Namun dia mengubah kalimat terakhir menjadi ‘Bertemu dengan bahagia, berpisah dengan riang.’ sebelum mengirimkannya.

Hong Guan membereskan barang-barangnya dan pergi. Tiba-tiba ia tertawa, bahkan ia sendiri tidak tahu apa yang ia senyumi.

Untuk menghemat uang, ia berencana naik bus terakhir dan tidak naik taksi.

“Sayang, aku sedang libur. Aku akan segera datang. Eh… Baiklah… Ups, aku lupa makan malam. Tidak apa-apa, aku akan membeli camilan di jalan.” Hong Guan mengobrol dengan istrinya melalui telepon. Ia mampir ke sebuah warung bakso ikan di pinggir jalan.

“Halo, apakah kamu masih punya makanan?”

Fish Ball Qiang menjawab sambil membaca koran di kursinya, “Hanya tersisa sedikit. Kalau kau mau, aku akan memberikan semuanya seharga lima RMB.”

“Tentu.” Hong Guan mengangguk.

Bakso Qiang berdiri dengan peralatannya dan meletakkan sisa bakso ikan dan tahu ikan dalam satu mangkuk. Ia melirik Hong Guan, “Sobat, apa kau seorang musisi?”

Hong Guan menatap alat musiknya di punggungnya, yang mungkin tak akan pernah dimainkan lagi. Ia menggelengkan kepala, “Tidak lagi.”

Fish Ball Qiang melirik lagi, “Wah, bukankah musik itu bagus?”

Hong Guan tersenyum, “Tidak ada alasan untuk melanjutkan.”

“Benarkah?” Fish Ball Qiang mengangguk dan menaburkan saus di atas makanannya. “Sudah selesai. Lima RMB, ya.”

Hong Guan membayarnya lalu pergi. Sebuah suara terdengar dari belakangnya, “Musikmu bagus, aku menikmatinya.” Ia berhenti dan berbalik, menatap Fish Ball Qiang. Lalu, ia mulai berjalan ke arah pria itu sambil tersenyum.

“Ada apa? Kamu butuh sumpit?”

Hong Guan menggelengkan kepalanya dan melepaskan bassnya, “Ini untukmu sekarang.”
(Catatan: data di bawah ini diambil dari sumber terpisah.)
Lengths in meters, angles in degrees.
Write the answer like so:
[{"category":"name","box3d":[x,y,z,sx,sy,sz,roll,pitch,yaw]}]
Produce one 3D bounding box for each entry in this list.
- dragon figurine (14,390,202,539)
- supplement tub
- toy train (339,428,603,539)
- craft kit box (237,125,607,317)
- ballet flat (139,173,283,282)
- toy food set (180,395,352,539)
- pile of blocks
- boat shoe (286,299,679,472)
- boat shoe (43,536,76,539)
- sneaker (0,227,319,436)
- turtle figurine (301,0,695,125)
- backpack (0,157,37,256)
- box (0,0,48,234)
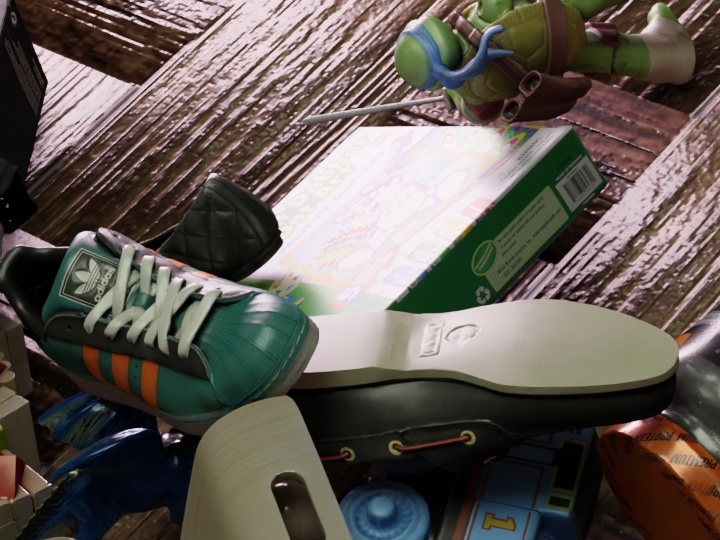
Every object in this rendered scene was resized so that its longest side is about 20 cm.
[{"category":"dragon figurine","box3d":[-0.123,0.094,1.425,0.200,0.100,0.059,-19,35,-1]},{"category":"supplement tub","box3d":[0.217,0.056,1.365,0.200,0.123,0.123,-37,45,-18]},{"category":"toy train","box3d":[0.045,0.142,1.368,0.114,0.087,0.200,9,52,13]},{"category":"craft kit box","box3d":[0.000,0.000,1.514,0.200,0.049,0.197,-45,22,-25]},{"category":"ballet flat","box3d":[-0.117,-0.010,1.566,0.200,0.057,0.066,-20,22,44]},{"category":"toy food set","box3d":[-0.037,0.176,1.289,0.060,0.200,0.144,-4,39,-19]},{"category":"pile of blocks","box3d":[-0.209,0.079,1.519,0.082,0.062,0.200,-11,31,-7]},{"category":"boat shoe","box3d":[0.051,0.056,1.338,0.201,0.063,0.074,-3,28,18]},{"category":"boat shoe","box3d":[-0.188,0.180,1.382,0.200,0.063,0.073,-18,49,33]},{"category":"sneaker","box3d":[-0.103,0.024,1.348,0.200,0.080,0.071,4,59,52]},{"category":"turtle figurine","box3d":[0.085,-0.154,1.597,0.194,0.144,0.200,-8,8,-24]},{"category":"backpack","box3d":[-0.260,-0.016,1.558,0.200,0.167,0.127,-173,102,-76]},{"category":"box","box3d":[-0.302,-0.081,1.736,0.200,0.079,0.141,-7,41,13]}]
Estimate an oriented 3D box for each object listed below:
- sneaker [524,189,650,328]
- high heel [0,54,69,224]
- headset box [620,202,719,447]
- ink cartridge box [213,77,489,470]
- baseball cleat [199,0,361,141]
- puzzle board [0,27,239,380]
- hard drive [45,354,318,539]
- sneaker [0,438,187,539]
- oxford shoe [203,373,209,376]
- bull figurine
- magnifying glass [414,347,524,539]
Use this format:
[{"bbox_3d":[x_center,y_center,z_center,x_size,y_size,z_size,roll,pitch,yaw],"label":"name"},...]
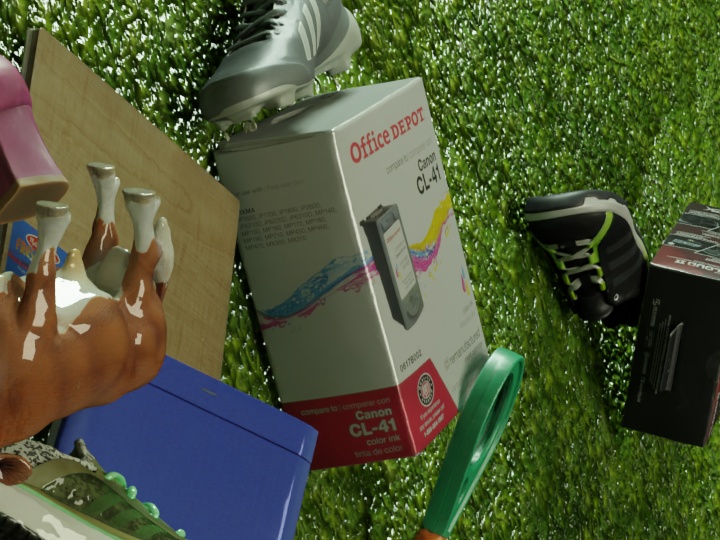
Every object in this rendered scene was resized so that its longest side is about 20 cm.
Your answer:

“Untukku? Aku tidak akan mengembalikannya kalau kau menyesal nanti. Kau yakin mau memberikannya padaku?” Fish Ball Qiang menatapnya dengan rokok di mulutnya.

Hong Guan menepuk bahunya pelan tanpa berkata apa-apa. Ia mencium aroma makanan, “Baunya enak, pasti lezat.”
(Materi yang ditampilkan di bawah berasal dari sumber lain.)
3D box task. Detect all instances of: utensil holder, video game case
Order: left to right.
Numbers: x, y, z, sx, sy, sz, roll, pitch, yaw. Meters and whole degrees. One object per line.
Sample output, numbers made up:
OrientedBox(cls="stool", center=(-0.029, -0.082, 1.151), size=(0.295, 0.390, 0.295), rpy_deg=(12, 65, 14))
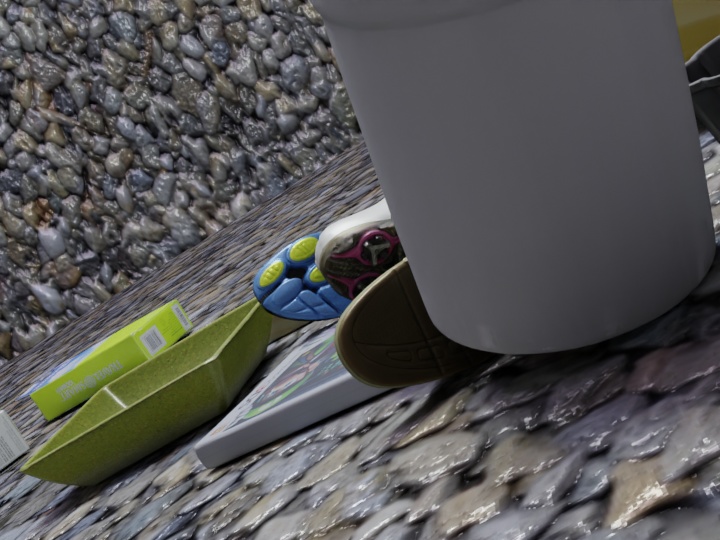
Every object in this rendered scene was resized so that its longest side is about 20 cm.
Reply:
OrientedBox(cls="video game case", center=(0.001, 0.054, 0.994), size=(0.200, 0.023, 0.182), rpy_deg=(-27, 10, 34))
OrientedBox(cls="utensil holder", center=(0.081, -0.082, 0.719), size=(0.170, 0.200, 0.170), rpy_deg=(-16, 26, 8))

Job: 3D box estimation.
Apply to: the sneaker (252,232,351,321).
OrientedBox(cls="sneaker", center=(0.000, 0.000, 1.158), size=(0.200, 0.071, 0.083), rpy_deg=(-22, -12, -36))

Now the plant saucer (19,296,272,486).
OrientedBox(cls="plant saucer", center=(-0.164, 0.107, 1.224), size=(0.200, 0.048, 0.200), rpy_deg=(-31, 8, 17))

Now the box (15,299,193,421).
OrientedBox(cls="box", center=(-0.312, 0.113, 1.764), size=(0.200, 0.048, 0.122), rpy_deg=(-29, 8, 26))

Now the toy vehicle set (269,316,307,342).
OrientedBox(cls="toy vehicle set", center=(-0.012, -0.004, 1.386), size=(0.124, 0.027, 0.200), rpy_deg=(-28, 9, 31))

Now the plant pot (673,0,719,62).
OrientedBox(cls="plant pot", center=(0.280, -0.228, 1.086), size=(0.189, 0.201, 0.201), rpy_deg=(-5, 24, 39))

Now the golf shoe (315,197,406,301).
OrientedBox(cls="golf shoe", center=(0.045, -0.031, 0.930), size=(0.200, 0.092, 0.073), rpy_deg=(-15, -48, -36))

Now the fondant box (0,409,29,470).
OrientedBox(cls="fondant box", center=(-0.487, 0.242, 1.624), size=(0.200, 0.058, 0.144), rpy_deg=(-37, 9, -34))

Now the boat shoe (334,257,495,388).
OrientedBox(cls="boat shoe", center=(0.062, 0.012, 0.852), size=(0.201, 0.073, 0.063), rpy_deg=(-34, 0, -29))

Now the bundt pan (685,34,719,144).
OrientedBox(cls="bundt pan", center=(0.277, -0.124, 0.808), size=(0.202, 0.076, 0.202), rpy_deg=(-32, 9, 5))
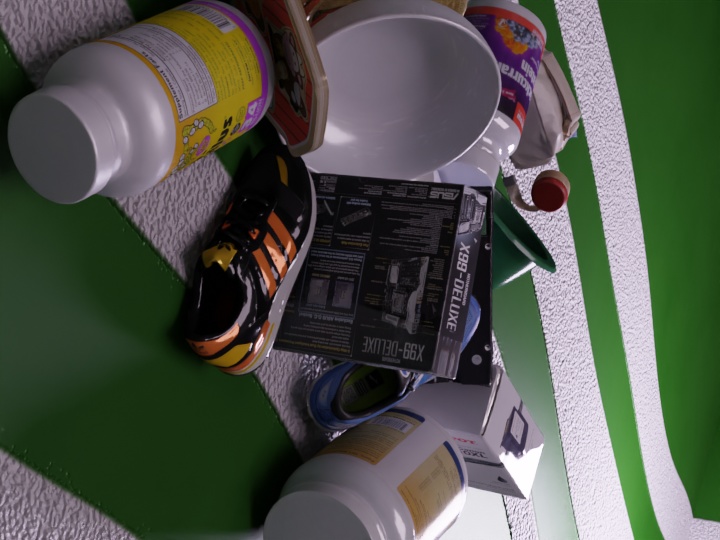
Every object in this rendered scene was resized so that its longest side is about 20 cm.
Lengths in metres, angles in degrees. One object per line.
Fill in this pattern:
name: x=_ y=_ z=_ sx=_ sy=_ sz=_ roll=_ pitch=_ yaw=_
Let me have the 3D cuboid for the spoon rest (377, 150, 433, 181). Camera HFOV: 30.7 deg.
spoon rest: x=0.011 y=-0.030 z=1.264 sx=0.202 sy=0.060 sz=0.099 roll=-65 pitch=157 yaw=9

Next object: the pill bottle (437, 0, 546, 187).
pill bottle: x=0.133 y=-0.190 z=1.457 sx=0.112 sy=0.110 sz=0.202 roll=49 pitch=53 yaw=-57

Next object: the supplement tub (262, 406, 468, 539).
supplement tub: x=0.006 y=0.229 z=1.267 sx=0.200 sy=0.143 sz=0.146 roll=-29 pitch=122 yaw=-59

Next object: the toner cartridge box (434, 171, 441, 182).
toner cartridge box: x=0.072 y=-0.021 z=1.453 sx=0.201 sy=0.043 sz=0.096 roll=66 pitch=38 yaw=-47

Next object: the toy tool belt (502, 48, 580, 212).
toy tool belt: x=0.218 y=-0.185 z=1.614 sx=0.201 sy=0.124 sz=0.123 roll=64 pitch=30 yaw=-21

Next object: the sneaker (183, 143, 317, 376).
sneaker: x=-0.093 y=-0.018 z=1.082 sx=0.090 sy=0.069 sz=0.202 roll=39 pitch=64 yaw=-64

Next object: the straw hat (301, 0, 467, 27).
straw hat: x=-0.009 y=-0.245 z=1.167 sx=0.086 sy=0.200 sz=0.201 roll=62 pitch=12 yaw=27

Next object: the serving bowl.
serving bowl: x=0.019 y=-0.165 z=1.141 sx=0.201 sy=0.198 sz=0.066 roll=60 pitch=13 yaw=-51

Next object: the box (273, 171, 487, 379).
box: x=0.000 y=0.000 z=1.131 sx=0.050 sy=0.198 sz=0.160 roll=21 pitch=77 yaw=-59

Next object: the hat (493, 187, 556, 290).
hat: x=0.123 y=0.000 z=1.575 sx=0.200 sy=0.176 sz=0.166 roll=48 pitch=15 yaw=-1

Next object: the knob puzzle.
knob puzzle: x=-0.073 y=-0.173 z=0.999 sx=0.030 sy=0.220 sz=0.222 roll=-19 pitch=123 yaw=-15

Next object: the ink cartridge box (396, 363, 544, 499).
ink cartridge box: x=0.108 y=0.171 z=1.461 sx=0.200 sy=0.143 sz=0.085 roll=55 pitch=50 yaw=-54

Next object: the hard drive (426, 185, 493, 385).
hard drive: x=0.067 y=0.014 z=1.337 sx=0.038 sy=0.138 sz=0.203 roll=-58 pitch=147 yaw=-75

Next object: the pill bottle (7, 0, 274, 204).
pill bottle: x=-0.149 y=-0.114 z=0.902 sx=0.200 sy=0.103 sz=0.105 roll=-40 pitch=132 yaw=-53

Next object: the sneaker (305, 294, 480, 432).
sneaker: x=0.043 y=0.090 z=1.270 sx=0.199 sy=0.089 sz=0.079 roll=-38 pitch=98 yaw=-15

Fish Ball Qiang duduk sambil mengangkat bahu dan melanjutkan membaca korannya. Baginya, Hong Guan hanyalah seorang pria asing yang tak dikenal.
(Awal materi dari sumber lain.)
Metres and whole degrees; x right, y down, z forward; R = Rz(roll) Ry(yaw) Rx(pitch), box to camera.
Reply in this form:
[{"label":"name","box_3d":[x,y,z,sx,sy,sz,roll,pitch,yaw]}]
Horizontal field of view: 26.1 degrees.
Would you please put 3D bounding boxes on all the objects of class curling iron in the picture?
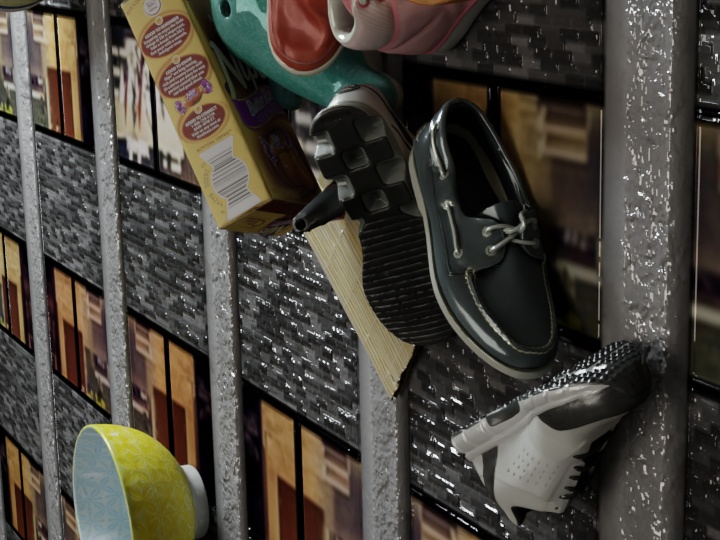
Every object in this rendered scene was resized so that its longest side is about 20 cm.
[{"label":"curling iron","box_3d":[-0.025,-0.044,1.141,0.026,0.050,0.200,49,-170,-4]}]

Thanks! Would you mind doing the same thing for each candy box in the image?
[{"label":"candy box","box_3d":[-0.107,-0.129,1.239,0.056,0.117,0.200,-29,79,17]}]

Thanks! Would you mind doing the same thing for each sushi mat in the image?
[{"label":"sushi mat","box_3d":[0.000,0.000,1.246,0.200,0.012,0.096,62,148,34]}]

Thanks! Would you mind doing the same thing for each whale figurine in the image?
[{"label":"whale figurine","box_3d":[-0.044,-0.177,1.181,0.200,0.104,0.159,61,143,25]}]

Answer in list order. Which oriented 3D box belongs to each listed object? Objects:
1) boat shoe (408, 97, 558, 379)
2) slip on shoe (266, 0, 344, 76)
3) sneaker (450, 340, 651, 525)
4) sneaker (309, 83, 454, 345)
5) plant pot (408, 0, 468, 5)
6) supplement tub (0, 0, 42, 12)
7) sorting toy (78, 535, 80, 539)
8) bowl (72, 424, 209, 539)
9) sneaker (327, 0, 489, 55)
[{"label":"boat shoe","box_3d":[0.082,-0.025,1.013,0.062,0.073,0.200,114,144,-52]},{"label":"slip on shoe","box_3d":[-0.026,-0.233,1.092,0.074,0.061,0.200,21,110,12]},{"label":"sneaker","box_3d":[0.131,0.104,0.974,0.080,0.074,0.200,61,154,8]},{"label":"sneaker","box_3d":[0.031,-0.044,1.122,0.089,0.074,0.200,-62,-43,-59]},{"label":"plant pot","box_3d":[0.092,-0.250,0.855,0.200,0.140,0.201,28,122,59]},{"label":"supplement tub","box_3d":[-0.386,-0.390,1.749,0.200,0.145,0.145,-28,72,62]},{"label":"sorting toy","box_3d":[-0.268,0.366,1.813,0.200,0.069,0.199,69,150,24]},{"label":"bowl","box_3d":[-0.225,0.255,1.654,0.200,0.107,0.201,29,122,58]},{"label":"sneaker","box_3d":[0.040,-0.209,1.010,0.200,0.104,0.075,-55,47,52]}]

Ia menguap dan bersiap untuk membereskan kiosnya ketika musik kencang terdengar dari kelab malam, “Sial, kapan mereka akan tenang?” Namun, saat mendengarkan, ia asyik mendengarkan musik tanpa menyadari rokoknya jatuh.

Tanpa sadar ia melangkah maju… mendekati kelab malam itu. Ada sekelompok orang lain yang juga sedang melihat kelab malam itu. Mereka semua tertarik oleh musik yang menggema di dalam hati mereka.

Pada saat yang sama, sang manajer terkejut melihat semua orang menjadi liar termasuk para pelayan dan pemilik bar.

“Gila… gila…” Manajer itu pun tak kuasa menahan diri untuk tidak gemetar karena Cheng Yiran sedang bernyanyi di atas panggung. Lagu itu berjudul ‘Paranoid’.